Output every line from the beginning of the records through the line that contains "-20, 48, 3)", exactly as it appears.

====== ENTRIES SHOWN ======

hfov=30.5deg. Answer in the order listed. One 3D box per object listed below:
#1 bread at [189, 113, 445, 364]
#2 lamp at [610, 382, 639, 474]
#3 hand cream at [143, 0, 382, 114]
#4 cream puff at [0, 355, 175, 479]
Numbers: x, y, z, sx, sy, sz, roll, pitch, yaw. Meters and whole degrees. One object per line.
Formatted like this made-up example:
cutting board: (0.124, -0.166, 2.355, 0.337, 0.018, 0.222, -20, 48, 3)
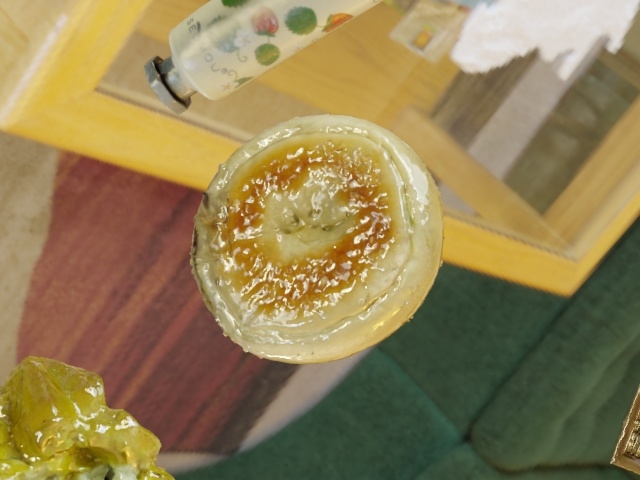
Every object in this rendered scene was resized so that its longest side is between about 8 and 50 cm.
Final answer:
bread: (0.000, 0.000, 1.367, 0.305, 0.305, 0.159, -48, 158, 7)
lamp: (0.356, 0.196, 1.015, 0.325, 0.090, 0.089, -176, -72, -86)
hand cream: (-0.001, -0.177, 0.798, 0.276, 0.095, 0.059, -32, 165, 16)
cream puff: (-0.222, 0.182, 0.906, 0.221, 0.195, 0.195, -9, 134, -38)

======

**TASK RESPONSE:**
hfov=30.5deg. Answer in the order listed. One 3D box per object listed below:
#1 bread at [189, 113, 445, 364]
#2 lamp at [610, 382, 639, 474]
#3 hand cream at [143, 0, 382, 114]
#4 cream puff at [0, 355, 175, 479]
Numbers: x, y, z, sx, sy, sz, roll, pitch, yaw. Meters and whole degrees. One object per line.
Formatted like this made-up example:
cutting board: (0.124, -0.166, 2.355, 0.337, 0.018, 0.222, -20, 48, 3)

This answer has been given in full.